Figure 3.Bias in estimates of log hazard ratios for partially observed variables with data missing at random (missingness mechanism 1) in 1,000 samples of patients with stable angina in the CALIBER database, 2001–2010. A) log neutrophil count (109 cells/L); B) log lymphocyte count (109 cells/L); C) hemoglobin concentration (g/dL). The solid horizontal line is the “true” log hazard ratio from the full data set (data set C); the dashed lines show ±1 empirical standard error. The boxes span the interquartile range (25th–75th percentiles), and the whiskers extend to the most extreme data point, which is no more than 1.5 times the interquartile range from the box. Circles represent outliers. The light gray boxes show results from simulations with 50% complete records, and the dark gray boxes show results from simulations with 25% complete records. CALIBER, Cardiovascular Disease Research using Linked Bespoke Studies and Electronic Records; MICE, multivariate imputation by chained equations; PMM, predictive mean matching; RF, random forest.

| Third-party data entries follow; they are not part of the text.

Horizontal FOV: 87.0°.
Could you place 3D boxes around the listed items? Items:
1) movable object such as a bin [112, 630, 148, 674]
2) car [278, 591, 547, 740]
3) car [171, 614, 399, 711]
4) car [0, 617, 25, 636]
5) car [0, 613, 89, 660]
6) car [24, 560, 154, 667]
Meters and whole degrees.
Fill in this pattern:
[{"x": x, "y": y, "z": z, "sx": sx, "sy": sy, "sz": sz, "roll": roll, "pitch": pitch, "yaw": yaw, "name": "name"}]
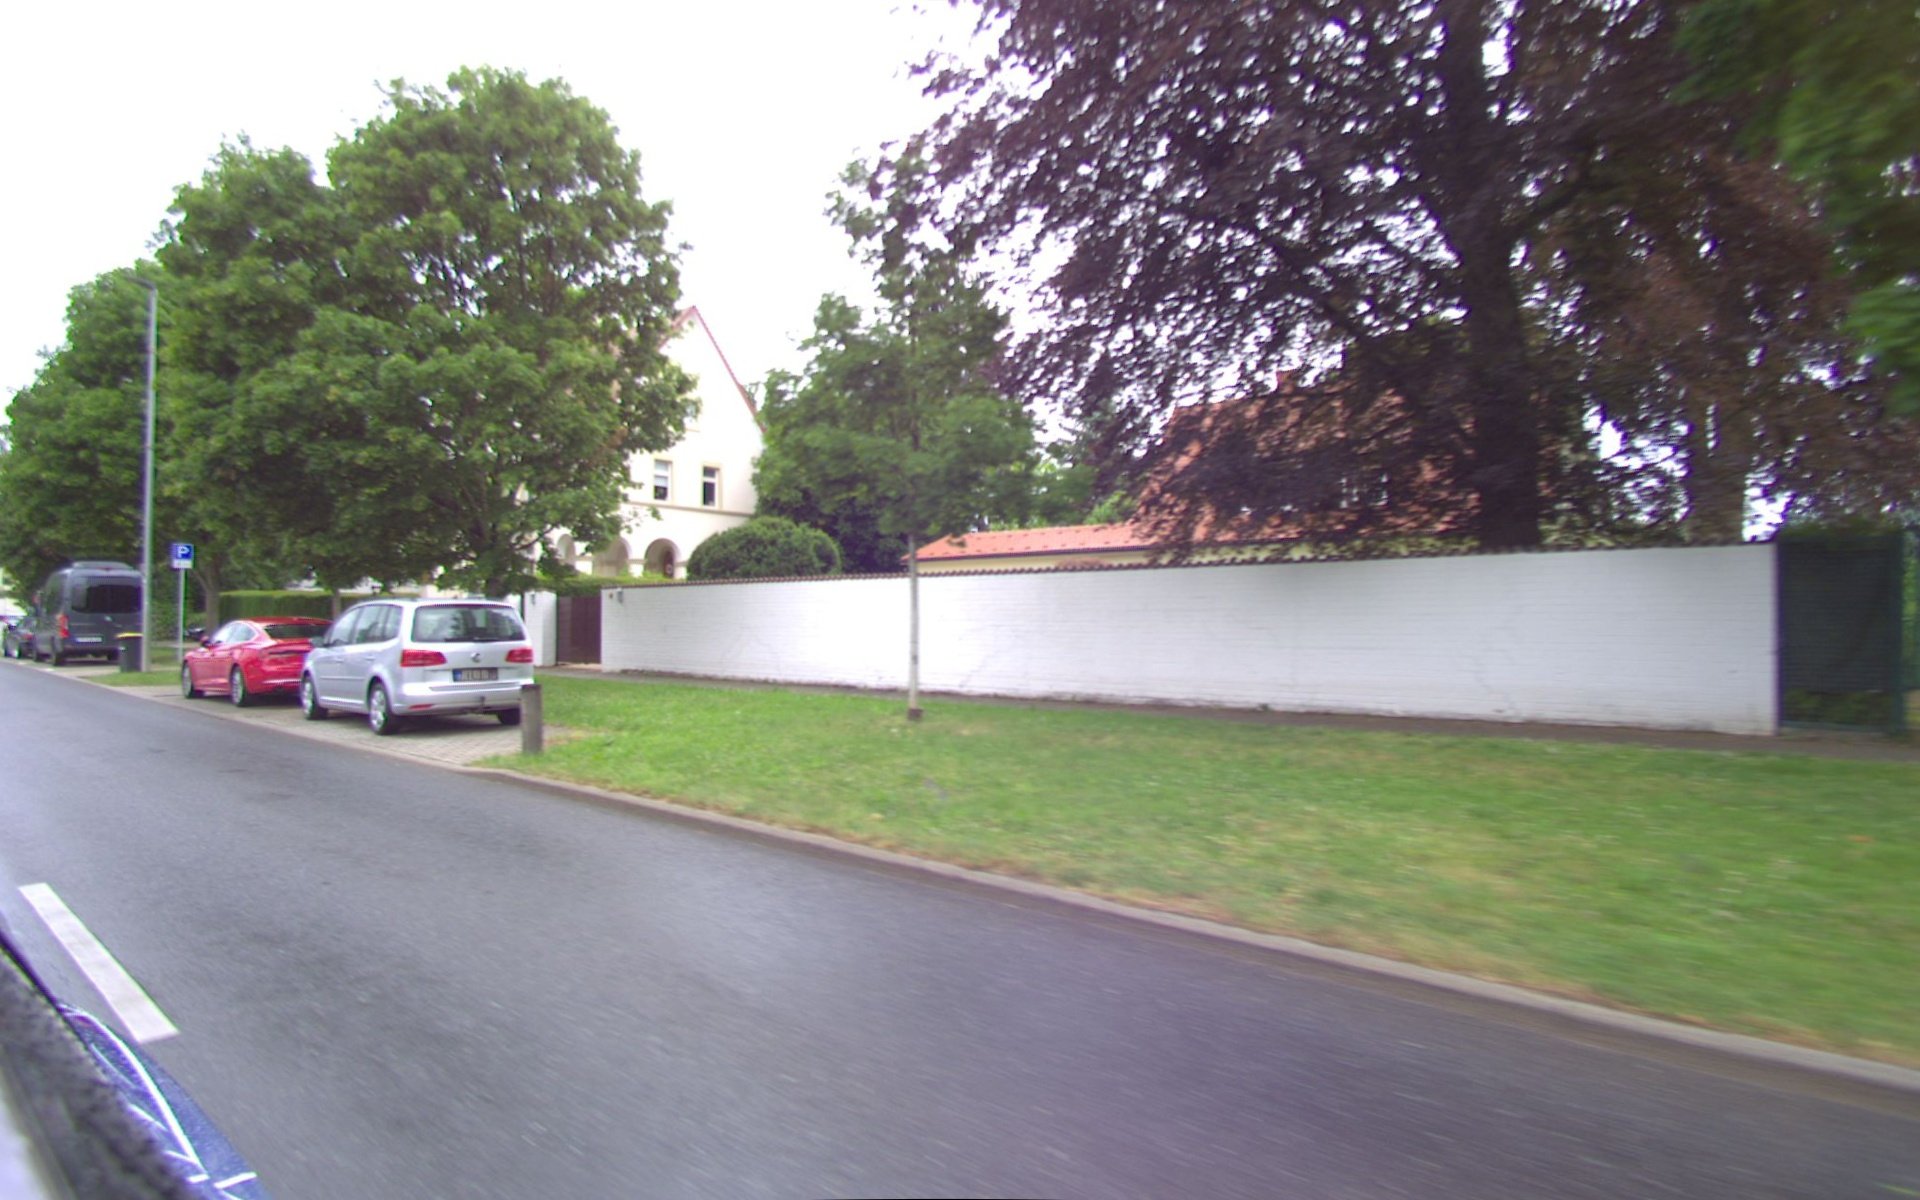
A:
[{"x": -18.464, "y": 1.145, "z": 22.519, "sx": 0.549, "sy": 0.960, "sz": 0.551, "roll": -2, "pitch": -2, "yaw": 44, "name": "movable object such as a bin"}, {"x": -7.252, "y": 0.761, "z": 13.221, "sx": 4.230, "sy": 1.640, "sz": 1.738, "roll": -1, "pitch": -1, "yaw": 41, "name": "car"}, {"x": -11.386, "y": 0.949, "z": 16.955, "sx": 4.553, "sy": 1.414, "sz": 1.973, "roll": -1, "pitch": -1, "yaw": 40, "name": "car"}, {"x": -73.169, "y": 2.037, "z": 77.908, "sx": 3.454, "sy": 1.475, "sz": 1.576, "roll": -1, "pitch": -2, "yaw": 45, "name": "car"}, {"x": -29.825, "y": 1.160, "z": 32.894, "sx": 3.822, "sy": 1.419, "sz": 1.705, "roll": -1, "pitch": -2, "yaw": 40, "name": "car"}, {"x": -24.947, "y": 0.389, "z": 28.905, "sx": 5.934, "sy": 2.749, "sz": 1.973, "roll": -1, "pitch": 0, "yaw": 41, "name": "car"}]

Comparisons Between Methods of Handling Missing Data in a Survival Analysis of 1,000 Simulated Data Sets With a Predictor Variable Missing at Random That Is Associated With Fully Observed Predictors in a Nonlinear Way
| Method | Bias of Log HRa | SE of Bias | SD of Estimate | Mean Length of 95% CI | Coverage of 95% CI, % | |
|---|---|---|---|---|---|---|
| Full data | −0.0002 | 0.001 | −0.1 | 0.037 | 0.148 | 96.1 |
| rfImpute | 0.119 | 0.001 | 86.5 | 0.044 | 0.154 | 17.4 |
| missForest | 0.079 | 0.002 | 53.7 | 0.046 | 0.158 | 50.9 |
| MICE RF with 5 trees | −0.021 | 0.001 | −17.1 | 0.038 | 0.172 | 95.3 |
| MICE RF with 10 trees | −0.005 | 0.001 | −3.9 | 0.039 | 0.170 | 97.3 |
| MICE RF with 20 trees | 0.006 | 0.001 | 4.5 | 0.039 | 0.168 | 96.3 |
| MICE RF with 50 trees | 0.011 | 0.001 | 9.0 | 0.040 | 0.167 | 95.8 |
| MICE RF with 100 trees | 0.013 | 0.001 | 10.5 | 0.040 | 0.167 | 94.7 |
| Parametric MICE | −0.055 | 0.001 | −44.8 | 0.039 | 0.178 | 79.8 |
Abbreviations: CI, confidence interval; HR, hazard ratio; MICE, multivariate imputation by chained equations; RF, random forest; SD, standard deviation; SE, standard error.
a The true log hazard ratio was set at 0.5.